Let’s Go Grocery Shopping

Lets Go Grocery Shopping

For some people, grocery shopping is a therapeutic experience. The monotony of walking down the aisles and selecting the food that will nourish their body is soothing or cathartic. For others, the idea of hitting a grocery store after a long week at work sounds like some horrible form of torture, akin to repeatedly stubbing your big toe on a metal bed frame or walking into the car door, shin first. No matter which category you fall into, you can’t argue that grocery shopping isn’t always the most convenient thing we do on a weekly or biweekly basis.

Delivery or PickUp?

No, we’re not just talking about pizza anymore. These days, most grocery chains offer one of two options; delivery or pickup. Delivery services offer the ability to shop for your sundries online, have someone in the store shop for them, and then show up with a truck full of stuff. Pickup services allow their customers to choose their items online as well and have someone shop for their items, but rather than waiting for a convenient delivery window to pop up, they can go to the store to pick up their stuff when it’s easiest for them. Want your stuff to be ready after work? Set that pickup time.

The Downside

Whether or not you dread grocery shopping, there are downsides to both of the new options available to those shopping for food and other household necessities. First of all, you’re relying on someone else to pick your groceries for you. Do you really think that some sixteen-year-old kid who is making nine dollars an hour is squeezing, sniffing, and rolling your cantaloupe to see if it is at the level at which it needs to be? Probably not. In fact, you’re probably not getting the best of the best when it comes to produce, in general.

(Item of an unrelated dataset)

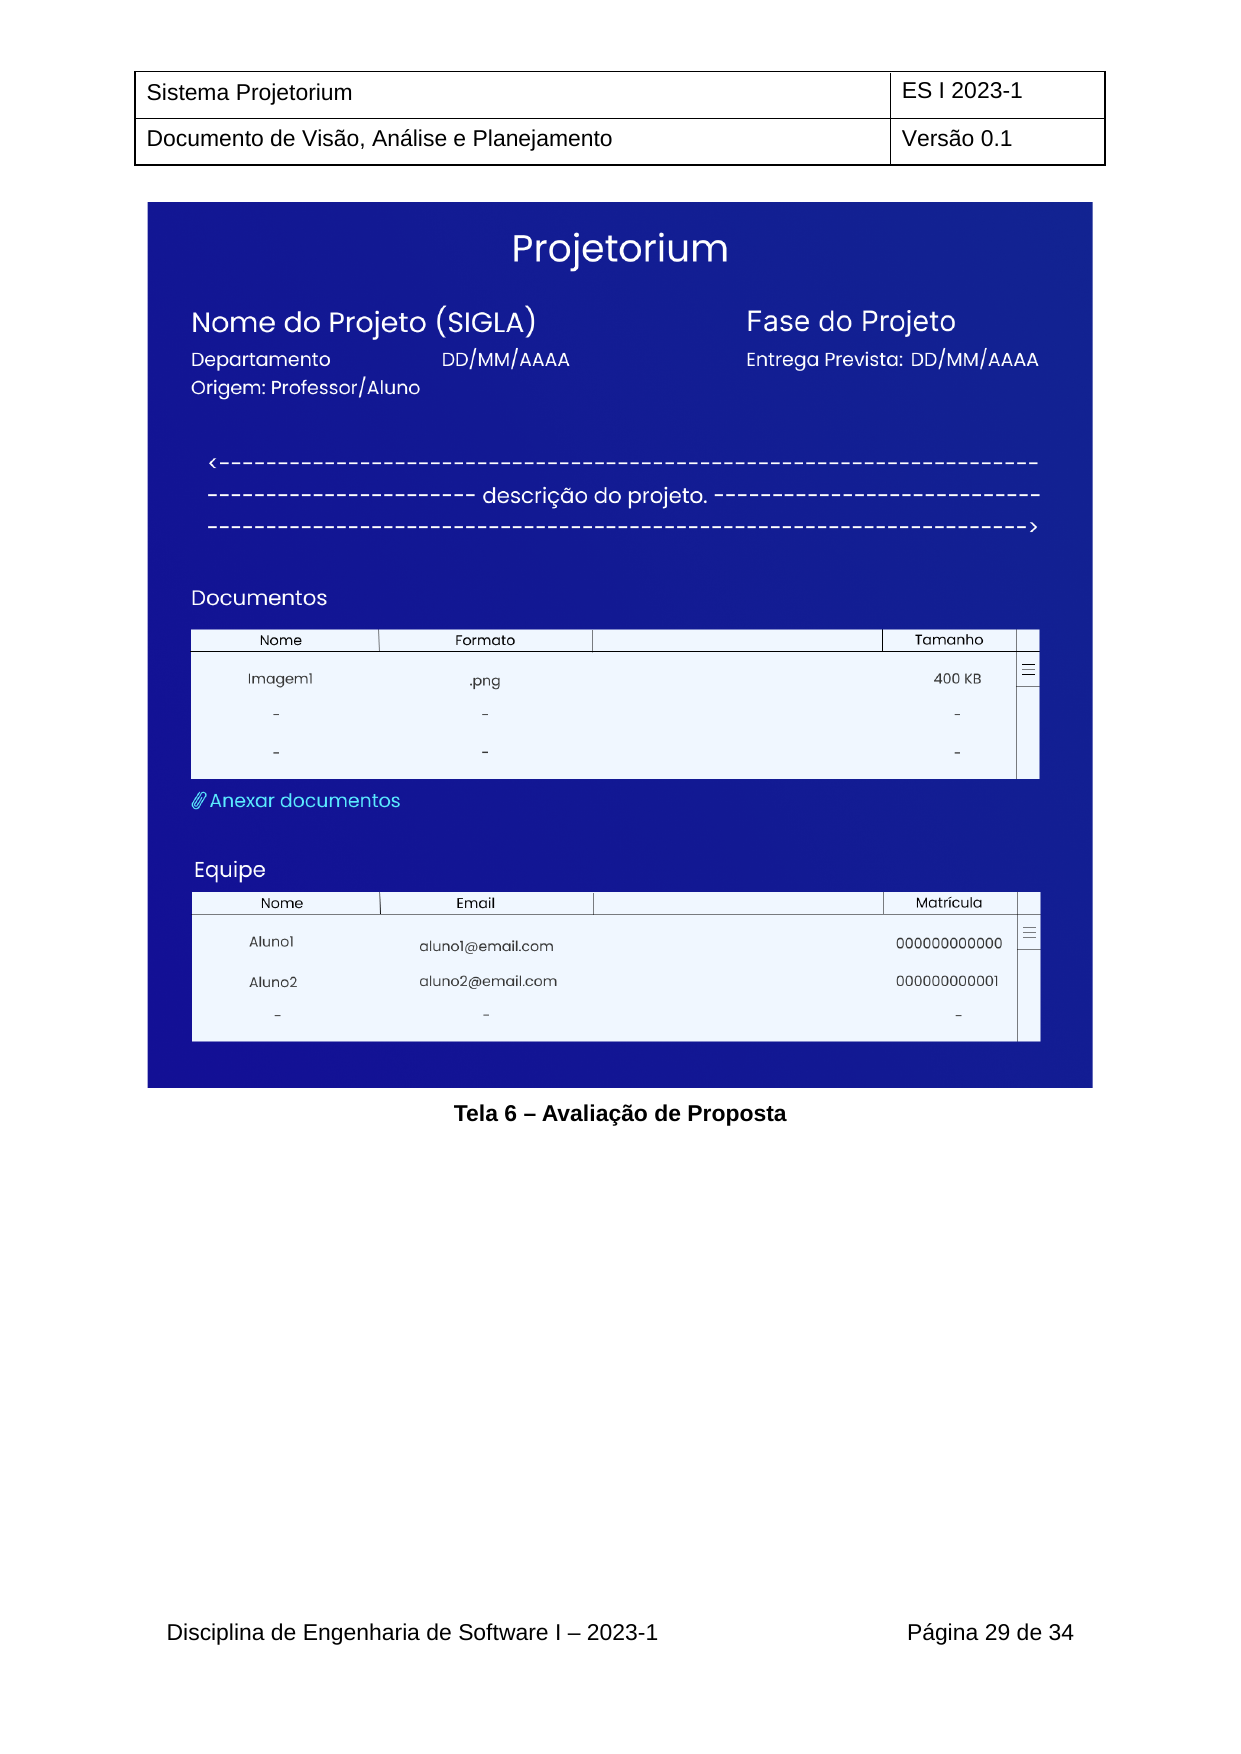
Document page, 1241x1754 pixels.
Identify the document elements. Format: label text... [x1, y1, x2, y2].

Second, if the store is out of your brand of paper towels and you’ve given them permission to fill in the order with another brand, you’re likely not going to get the same quality or price that you’re used to. So if your homemade marinara sauce requires the expensive whole Roma tomatoes and they don’t have them, the sauce quality may suffer at the hands of someone else. Any cook knows that sometimes the brand matters, but it’s doubtful that the shopper in charge of your order is going to care about that.

The final downside of these newfound grocery services is that if the store doesn’t have rutabagas or spaghetti squash inside the doors, you’re not getting it. In this instance, here’s hoping that your dinner doesn’t need either one of those items. It’s an unfortunate part of the process, but the store at which you’ve placed your order isn’t going to send their employee on a run across the street to another store to pick up the items you need. Nope, you’re just not going to get those items.

The Upside

If you’re a shut-in, you don’t have a driver’s license or a working car, or if you’re just a busy mama who doesn’t have the time to get out to the store, the delivery option is perfect. Someone, literally, will do your shopping for you and bring your items to your home. So if you live on the second floor and you’re ordering six cases of bottled water, you don’t have to worry about how you’re getting it up there, but you may have to deal with some angry looks from the delivery man.

If you are one of the millions of people in this country that work full time and support a family, grocery shopping isn’t always the best use of your time. Kids have to get to sports, food needs to get on the table, and homework has to be completed before bedtime; so finding the time is nearly impossible. With a pickup service, you can order all of your stuff over the internet and go get it when it’s convenient. It’s easier to add fifteen minutes onto your commute home than trying to wrestle two kids into a grocery store.

Are Grocery Stores Obsolete?

With the advent of these two options, is the traditional grocery experience becoming obsolete? Does it make sense to keep brick and mortar locations as the pickup and delivery options become more popular? As more and more chains get in on the trend, are we going to notice a decline in the construction of new stores or have they fallen by the wayside?